For the foregoing reasons, IT IS ORDERED that judgment enter in favor of Dey.
[1] The plaintiff's claims against the defendants Robert W. Breck and Edward J. Fennell have been settled, leaving Dey as the sole defendant. The evidence, however, has disclosed that Dey deposited the garnished fund less sheriff Fennell's fee into KOD's trustee account and that the fund less Breck's share is now held by KOD.
[2] Code § 547(b) provides:
Except as provided in subsection (c) of this section, the trustee may avoid any transfer of an interest of the debtor in property
(1) to or for the benefit of a creditor;
(2) for or on account of an antecedent debt owed by the debtor before such transfer was made;
(3) made while the debtor was insolvent;
(4) made
(A) on or within 90 days before the date of the filing of the petition; or
(B) between ninety days and one year before the date of the filing of the petition, if such creditor at the time of such transfer was an insider; and
(5) that enables such creditor to receive more than such creditor would receive if
(A) the case were a case under chapter 7 of this title;
(B) the transfer had not been made; and
(C) such creditor received payment of such debt to the extent provided by the provisions of this title.
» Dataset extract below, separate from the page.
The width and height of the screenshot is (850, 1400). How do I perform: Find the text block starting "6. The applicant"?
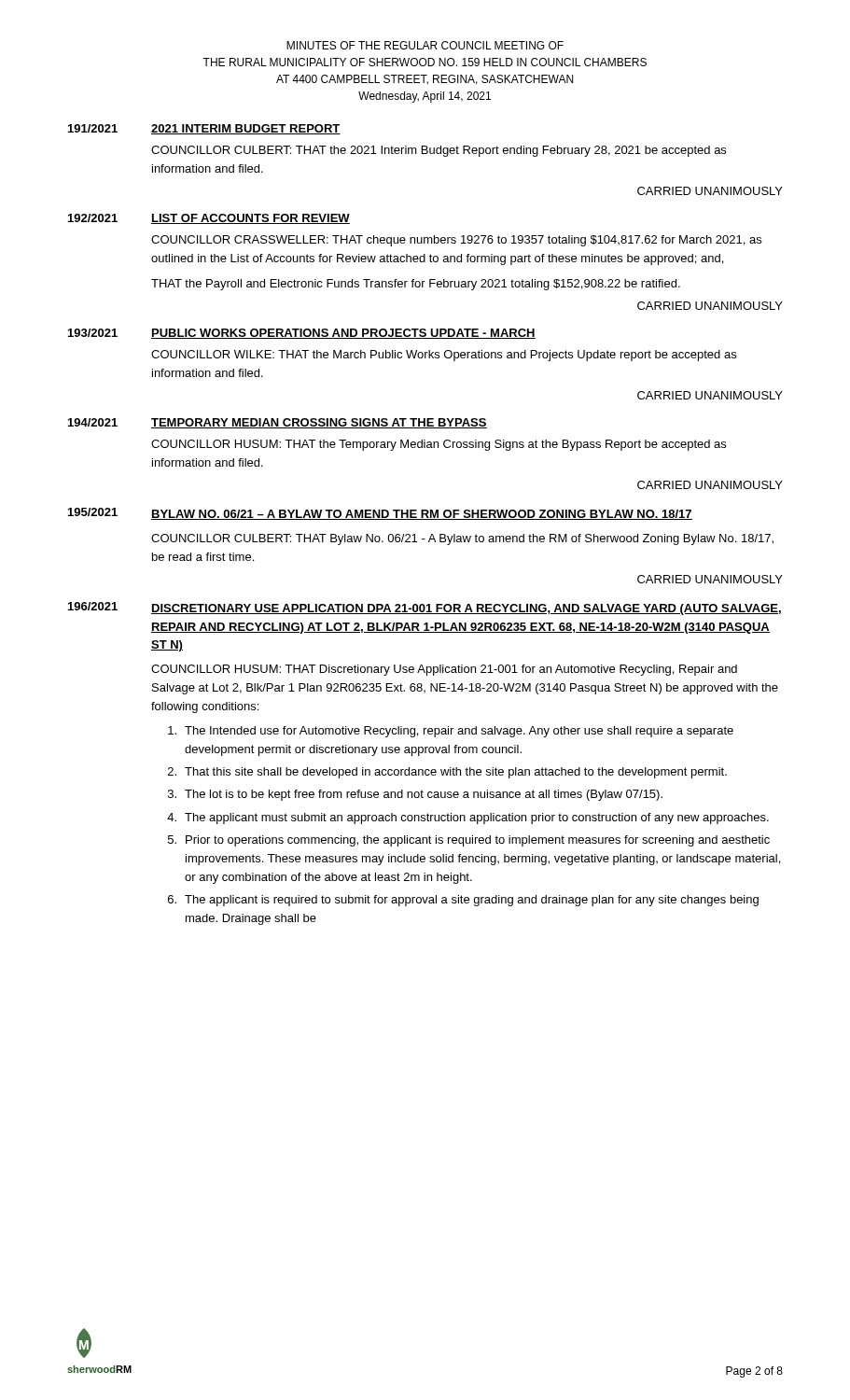(x=467, y=909)

[3] A charging lien is "a lien placed upon any money recovery or fund due the client at the conclusion of suit." Marsh, Day & Calhoun v. Solomon, 204 Conn. 639, 643, 529 A.2d 702 (1987). See also In re Knudsen Bros. Dairy, Inc., 24 B.R. 418, 420-21 (Bankr.D.Conn.1982) (in certain circumstances "by Connecticut Common law, an equitable attorney's lien attaches to the [judgment or] settlement proceeds which relates back to the fee agreement. . . . Such a lien survives bankruptcy.").